Another possibility is that early Mars was warmed by other greenhouse gases,
such as sulfur dioxide, methane or nitrous oxide.

"The downside of all these other greenhouse gases is that they tend to be
quite reactive, so when you put them in the atmosphere, they don't hang out
an especially long time," Bristow said. "So the warming periods driven by
those kinds of greenhouse gases are relatively short-lived, which is not
consistent with observations from Gale Crater where we have evidence for
lakes and rivers that persisted for hundreds of thousands or even millions
of years."

Other scenarios that might explain the water of early Mars include ice caps
that could have kept liquid water insulated under them, or a change in the
Martian orbit that made the Red Planet warmer. "Our findings mean that
scientists have to think a bit more deeply about what kind of mechanisms
could lead to stabilization of surface water," Bristow said.
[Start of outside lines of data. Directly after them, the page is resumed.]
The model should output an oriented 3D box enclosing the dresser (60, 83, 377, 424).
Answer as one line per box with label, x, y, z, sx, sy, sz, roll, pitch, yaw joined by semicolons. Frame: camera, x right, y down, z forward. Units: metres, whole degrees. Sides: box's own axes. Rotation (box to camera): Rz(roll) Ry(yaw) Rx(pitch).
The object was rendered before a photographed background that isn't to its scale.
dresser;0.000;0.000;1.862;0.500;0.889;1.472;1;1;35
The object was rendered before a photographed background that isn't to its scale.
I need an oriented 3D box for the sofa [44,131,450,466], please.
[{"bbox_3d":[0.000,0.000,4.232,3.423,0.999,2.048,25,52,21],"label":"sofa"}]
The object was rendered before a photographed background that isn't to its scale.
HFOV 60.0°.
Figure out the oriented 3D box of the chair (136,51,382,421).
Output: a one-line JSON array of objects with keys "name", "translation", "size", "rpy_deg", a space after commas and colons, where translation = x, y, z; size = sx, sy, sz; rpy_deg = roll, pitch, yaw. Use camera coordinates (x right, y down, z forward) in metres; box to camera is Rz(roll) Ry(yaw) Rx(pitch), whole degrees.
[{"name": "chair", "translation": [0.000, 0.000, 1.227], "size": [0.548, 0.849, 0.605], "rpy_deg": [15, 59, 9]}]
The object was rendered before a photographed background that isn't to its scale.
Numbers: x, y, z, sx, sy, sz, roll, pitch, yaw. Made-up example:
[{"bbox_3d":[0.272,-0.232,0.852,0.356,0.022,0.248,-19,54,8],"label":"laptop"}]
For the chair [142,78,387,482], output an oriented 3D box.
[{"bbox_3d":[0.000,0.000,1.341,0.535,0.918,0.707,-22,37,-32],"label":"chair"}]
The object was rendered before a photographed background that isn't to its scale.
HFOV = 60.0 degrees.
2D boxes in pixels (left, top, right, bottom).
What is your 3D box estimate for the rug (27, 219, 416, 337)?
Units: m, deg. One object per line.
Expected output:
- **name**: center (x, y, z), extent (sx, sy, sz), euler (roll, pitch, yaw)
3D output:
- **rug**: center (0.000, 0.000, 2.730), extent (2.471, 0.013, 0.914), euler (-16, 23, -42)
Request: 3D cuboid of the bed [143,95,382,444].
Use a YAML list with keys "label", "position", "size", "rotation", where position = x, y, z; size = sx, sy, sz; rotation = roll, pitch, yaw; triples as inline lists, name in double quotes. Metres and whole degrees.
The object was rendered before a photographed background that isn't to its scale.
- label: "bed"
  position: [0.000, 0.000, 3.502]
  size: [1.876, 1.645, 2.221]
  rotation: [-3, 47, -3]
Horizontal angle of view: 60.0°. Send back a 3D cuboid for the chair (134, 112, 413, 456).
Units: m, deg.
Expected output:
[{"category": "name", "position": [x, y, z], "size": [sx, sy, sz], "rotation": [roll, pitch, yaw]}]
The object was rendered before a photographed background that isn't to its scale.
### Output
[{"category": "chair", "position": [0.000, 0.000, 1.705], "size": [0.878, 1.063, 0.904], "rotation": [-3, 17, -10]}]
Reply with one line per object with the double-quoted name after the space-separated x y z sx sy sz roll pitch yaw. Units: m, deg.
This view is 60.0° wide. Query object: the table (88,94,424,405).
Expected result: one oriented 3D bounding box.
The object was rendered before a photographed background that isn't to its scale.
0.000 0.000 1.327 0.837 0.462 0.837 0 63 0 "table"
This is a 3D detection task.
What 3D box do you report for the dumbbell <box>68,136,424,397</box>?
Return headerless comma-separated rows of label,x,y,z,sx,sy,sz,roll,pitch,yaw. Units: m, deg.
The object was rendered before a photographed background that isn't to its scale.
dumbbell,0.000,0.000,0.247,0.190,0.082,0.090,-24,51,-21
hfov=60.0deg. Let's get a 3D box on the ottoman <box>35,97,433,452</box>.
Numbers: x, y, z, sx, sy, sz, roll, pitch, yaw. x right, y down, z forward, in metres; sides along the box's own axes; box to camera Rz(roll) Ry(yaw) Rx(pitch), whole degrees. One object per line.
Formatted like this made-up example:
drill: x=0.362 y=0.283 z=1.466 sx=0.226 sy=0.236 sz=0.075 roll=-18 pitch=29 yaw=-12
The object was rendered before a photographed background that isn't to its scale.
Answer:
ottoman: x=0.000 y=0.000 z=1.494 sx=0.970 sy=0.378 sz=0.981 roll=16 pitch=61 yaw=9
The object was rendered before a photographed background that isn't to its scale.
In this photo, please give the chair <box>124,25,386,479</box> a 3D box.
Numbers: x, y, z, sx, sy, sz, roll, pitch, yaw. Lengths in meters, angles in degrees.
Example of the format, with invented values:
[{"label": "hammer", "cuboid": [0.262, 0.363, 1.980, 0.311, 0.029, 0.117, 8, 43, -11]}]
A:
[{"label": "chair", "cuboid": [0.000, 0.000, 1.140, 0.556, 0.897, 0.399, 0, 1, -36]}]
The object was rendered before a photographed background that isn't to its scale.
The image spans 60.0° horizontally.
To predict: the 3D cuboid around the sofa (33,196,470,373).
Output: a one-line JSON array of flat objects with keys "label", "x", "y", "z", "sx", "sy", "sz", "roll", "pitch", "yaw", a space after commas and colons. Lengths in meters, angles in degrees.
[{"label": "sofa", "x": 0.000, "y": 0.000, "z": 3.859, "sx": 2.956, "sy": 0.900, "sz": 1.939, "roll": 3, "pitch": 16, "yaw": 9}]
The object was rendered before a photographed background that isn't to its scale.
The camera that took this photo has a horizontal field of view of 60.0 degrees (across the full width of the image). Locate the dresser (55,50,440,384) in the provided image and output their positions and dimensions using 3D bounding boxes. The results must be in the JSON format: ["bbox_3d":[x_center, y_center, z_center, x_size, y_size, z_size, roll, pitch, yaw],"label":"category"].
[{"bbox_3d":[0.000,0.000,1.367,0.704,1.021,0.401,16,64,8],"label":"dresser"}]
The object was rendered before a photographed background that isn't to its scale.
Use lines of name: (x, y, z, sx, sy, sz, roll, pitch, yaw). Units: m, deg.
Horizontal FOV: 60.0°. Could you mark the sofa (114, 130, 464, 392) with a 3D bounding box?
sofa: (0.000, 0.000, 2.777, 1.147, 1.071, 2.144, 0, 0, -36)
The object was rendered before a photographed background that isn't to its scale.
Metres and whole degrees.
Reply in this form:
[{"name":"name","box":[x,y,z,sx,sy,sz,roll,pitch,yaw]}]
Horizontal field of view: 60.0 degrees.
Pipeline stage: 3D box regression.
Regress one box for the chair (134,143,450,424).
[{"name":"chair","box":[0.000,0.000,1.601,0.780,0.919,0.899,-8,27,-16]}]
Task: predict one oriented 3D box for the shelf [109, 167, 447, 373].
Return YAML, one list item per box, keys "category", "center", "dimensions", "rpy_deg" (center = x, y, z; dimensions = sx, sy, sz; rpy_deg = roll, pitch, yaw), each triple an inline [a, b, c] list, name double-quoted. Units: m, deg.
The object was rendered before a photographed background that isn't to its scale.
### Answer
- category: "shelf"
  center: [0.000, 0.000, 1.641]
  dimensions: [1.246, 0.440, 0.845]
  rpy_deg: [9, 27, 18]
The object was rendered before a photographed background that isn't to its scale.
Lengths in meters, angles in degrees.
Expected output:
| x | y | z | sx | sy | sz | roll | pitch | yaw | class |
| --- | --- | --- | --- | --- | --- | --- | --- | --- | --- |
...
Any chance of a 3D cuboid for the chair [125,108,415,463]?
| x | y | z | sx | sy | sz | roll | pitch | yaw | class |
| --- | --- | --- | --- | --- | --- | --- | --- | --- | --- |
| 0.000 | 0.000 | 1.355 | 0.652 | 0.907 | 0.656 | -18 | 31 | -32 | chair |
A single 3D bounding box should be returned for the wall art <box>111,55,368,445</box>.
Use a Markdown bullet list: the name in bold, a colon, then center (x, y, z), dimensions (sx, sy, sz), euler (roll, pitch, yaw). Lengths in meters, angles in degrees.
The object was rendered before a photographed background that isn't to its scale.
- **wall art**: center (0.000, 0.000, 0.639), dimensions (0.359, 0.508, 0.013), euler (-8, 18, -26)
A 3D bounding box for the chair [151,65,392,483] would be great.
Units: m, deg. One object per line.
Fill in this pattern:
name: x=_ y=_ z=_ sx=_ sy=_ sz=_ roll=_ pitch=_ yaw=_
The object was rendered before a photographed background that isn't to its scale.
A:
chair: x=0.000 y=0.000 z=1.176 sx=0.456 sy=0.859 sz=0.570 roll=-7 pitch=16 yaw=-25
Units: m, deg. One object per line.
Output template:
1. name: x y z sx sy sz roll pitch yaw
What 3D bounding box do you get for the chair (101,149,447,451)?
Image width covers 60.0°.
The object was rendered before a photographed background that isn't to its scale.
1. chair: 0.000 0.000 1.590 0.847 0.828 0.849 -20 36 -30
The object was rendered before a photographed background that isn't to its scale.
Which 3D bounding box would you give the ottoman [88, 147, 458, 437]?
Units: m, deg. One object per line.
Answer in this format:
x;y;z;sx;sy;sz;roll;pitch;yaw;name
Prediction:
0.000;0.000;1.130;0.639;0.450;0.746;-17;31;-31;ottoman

Future research will analyze more data that Curiosity is collecting as it
makes its way up Aeolis Mons.

"It looks like the rover should be sampling the rock record of ancient Mars
during a climatic transition as it dried out and cooled down," Bristow said.
"We are hoping to get more clues as to how the early Martian climate system
operated."

The scientists detailed their findings online today (Feb. 6) in the journal
Proceedings of the National Academy of Sciences.